BearSD said:
CNHTH said:
golden sloth said:
If Cal had a weekly nationally televised afternoon game we too would have viewership that large. Which is why I ignore it. It is not linear to anything other than who fox wants you to watch.
I'm not happy about it, but what matters more than anything else in college sports is money.
Who Fox wants you to watch matters because Fox pays billions to the Big Ten and engineered the contracts by which CBS and NBC will also pay billions to the Big Ten. Cal and Stanford would be in the Big Ten if Fox wanted you to watch those teams.
Cal and Stanford are fortunate that ESPN thinks they are worth ACC-level money. UU, CU, UA, and ASU got similarly lucky. OSU and WSU did not. So yeah, what the TV bean counters want us to watch matters, unfortunately.
I don't disagree with you on most but the glaring issue for me is…
The big ten sold its gor to fox, nbc, and cbs for a collective 1.1 billion per year.
The big ten has 98 games that qualify for that each year. Each game is 4 quarters. Each quarter has roughly 4 commercial breaks. Each commercial break has an average of 3 network (not local commercials). Fox commercials on cfb saturday (the prime time national slot are 110k per)… so even if we use the high end for commercial revenue on national games… we get 510 million in ad revenue across 4704 commercials split between 3 networks meaning the valuation is half of what those 3 paid.
In the case of fox they paid 300 million for 16 games my guess is they will all be prime time so 110k per ad seems fair. Let's say they have 5 commercial breaks per quarter. That's 141mm in ad revenue in those games. And again (and even worse) it appears on paper that they paid more than twice the assessed value. Imagine being the poor guy who has to run the fox networks audits?
Presently they turn a slight profit because of the money they get from Comcast and other regional providers for subscriptions which are bundled with all of the fox channels. There is no fox sports stand alone option you have to buy the whole shebang.

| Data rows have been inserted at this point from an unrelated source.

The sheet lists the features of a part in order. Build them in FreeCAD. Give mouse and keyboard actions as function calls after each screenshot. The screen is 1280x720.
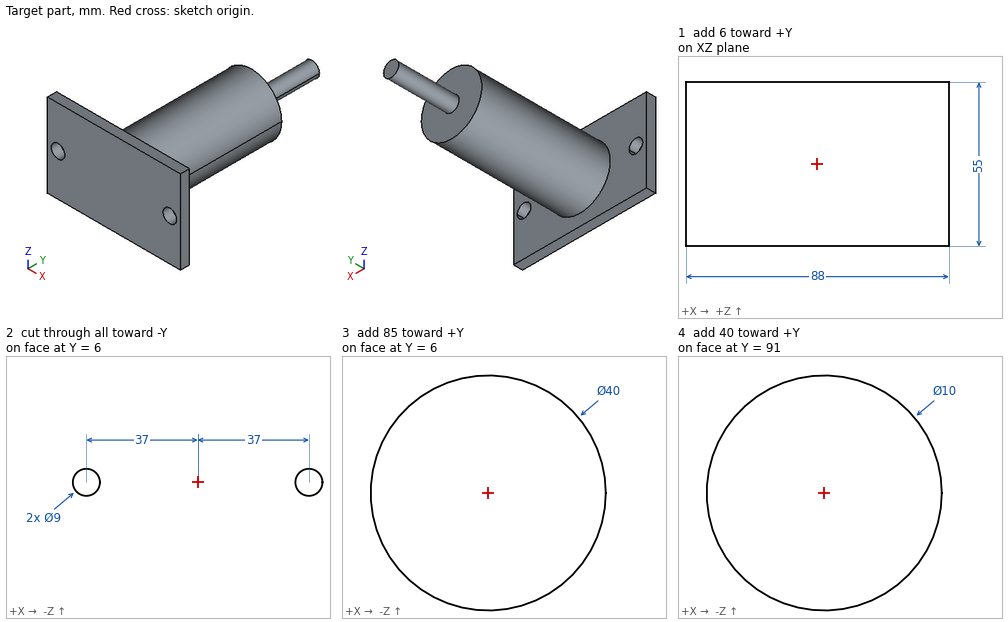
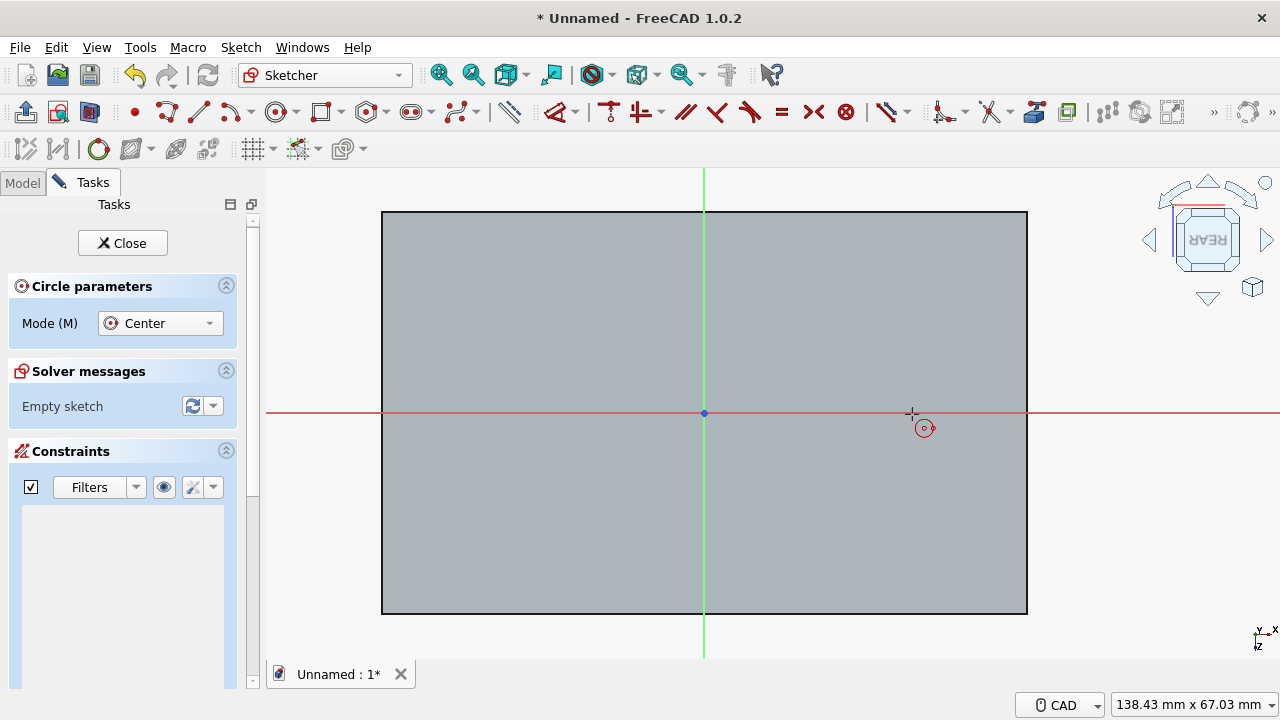
click(433, 413)
click(457, 390)
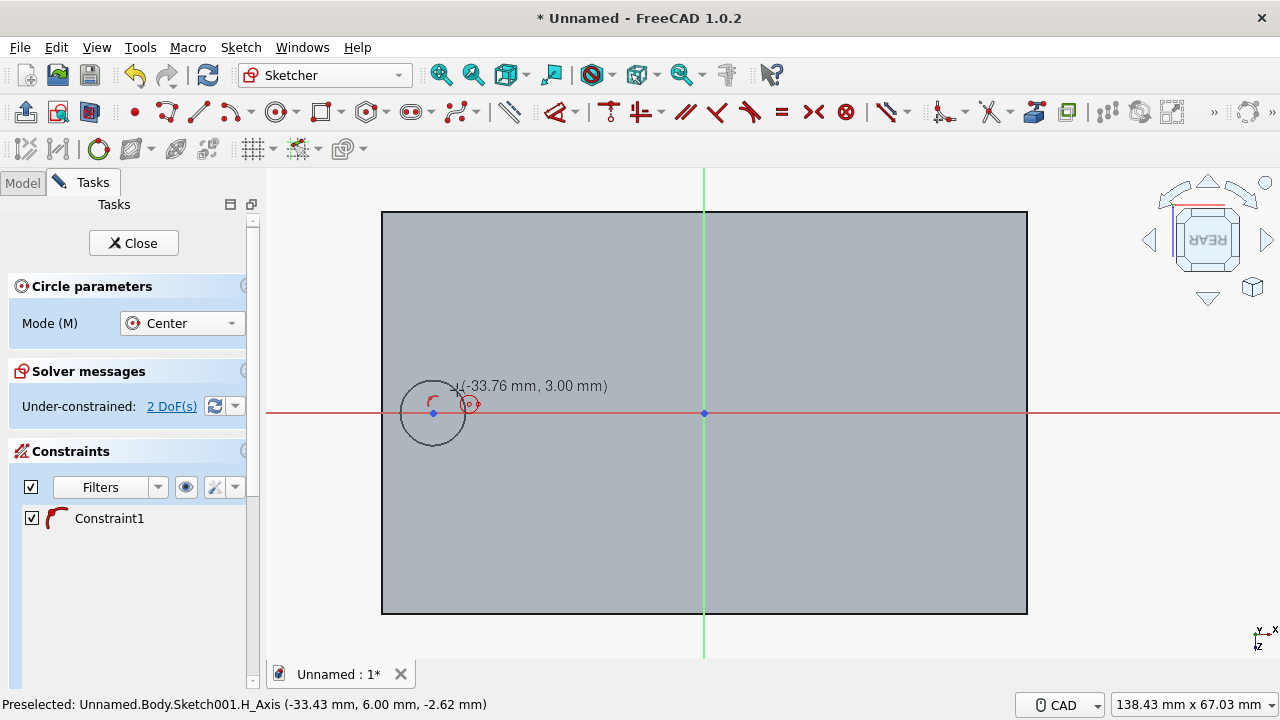
click(975, 413)
click(999, 390)
key(Escape)

And in a streaming scenario. Which is inevitable. They don't get the extra money from regional carriers so they would have to pass on that bill to consumers. Which in the case of the big 10 is about 2 million viewer average per school. So essentially even if they unbundled and sold fox big ten as a stand alone they would have to sell it to all 2 million viewers for 25 bucks a pop and force the viewers to sit through even more advertising than thru already do just to turn a profit. But that's actually not the reality.

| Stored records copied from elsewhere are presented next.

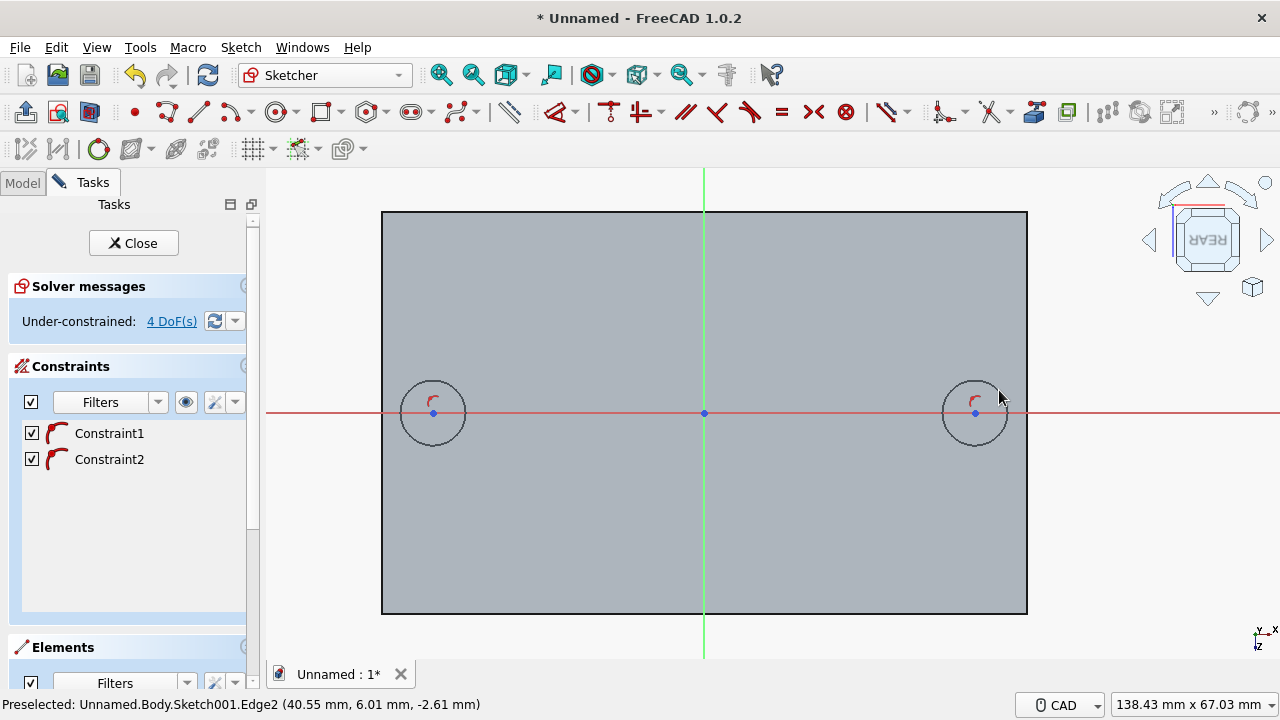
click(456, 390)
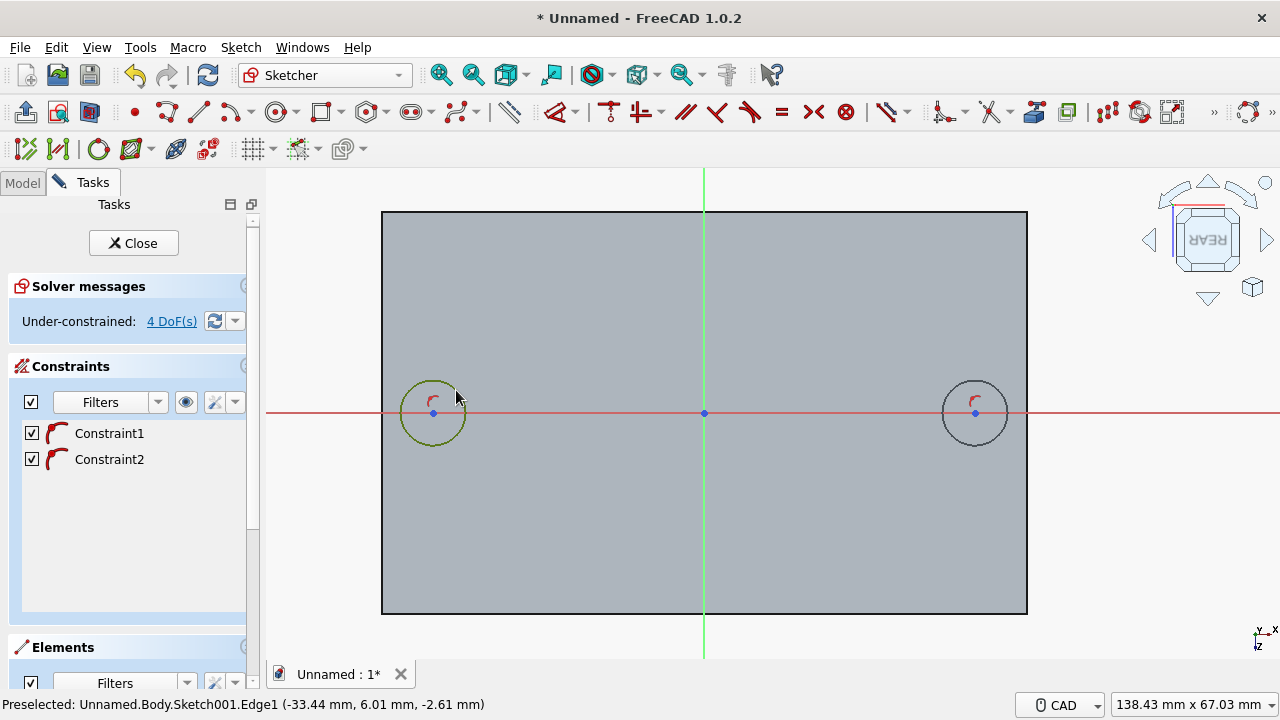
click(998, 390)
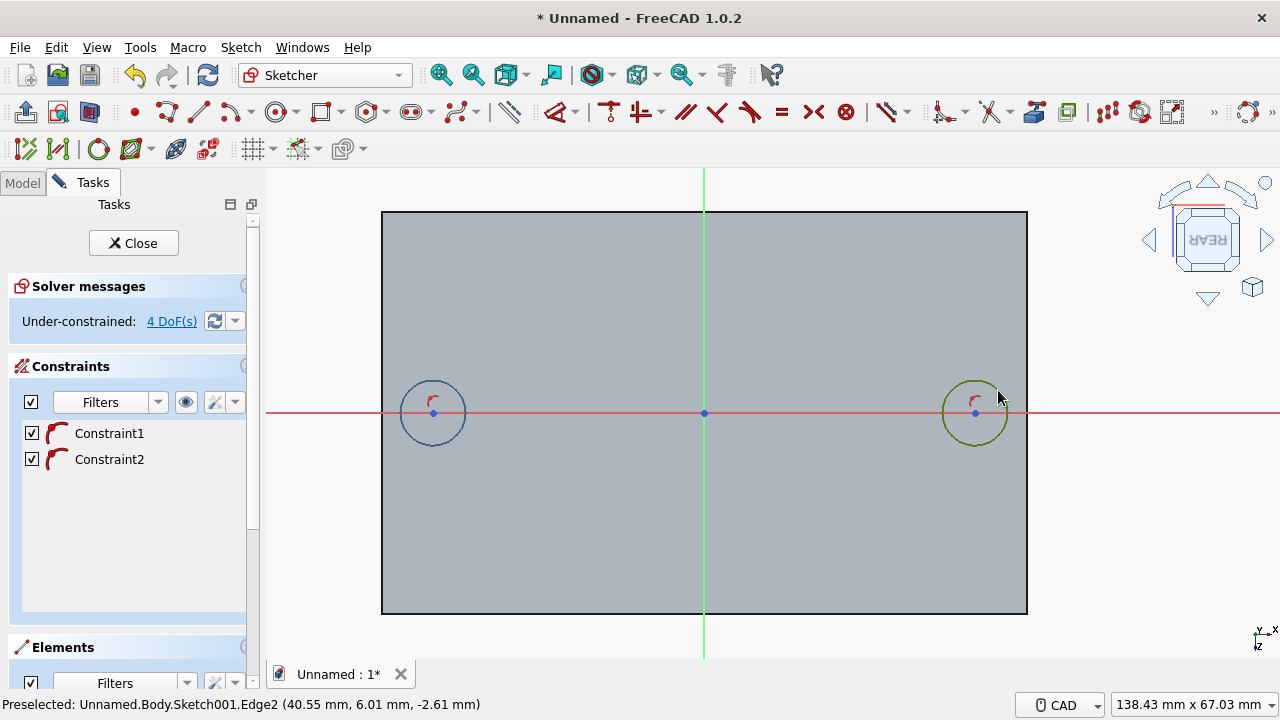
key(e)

You would have fox, cbs, and nbc separate; with fox having to charge viewers for streaming separately.
And the reality with fox is that if you include the bundle model they use they are in the hole 4-5 billion a year without regionals. Which means they would need to charge viewers 80 dollars a year for Fox News and fox sports.
I dunno. It doesn't seem like it pencils from what I've seen and at face value it appears they paid double the gors actual value which is ironic because the big ten gor was sold for roughly double the value of every other p5 gor. Meaning the big ten isn't actually worth double, fox just paid double.
Which if I was an auditor would be a huge red flag in addition to the rise of streaming live media.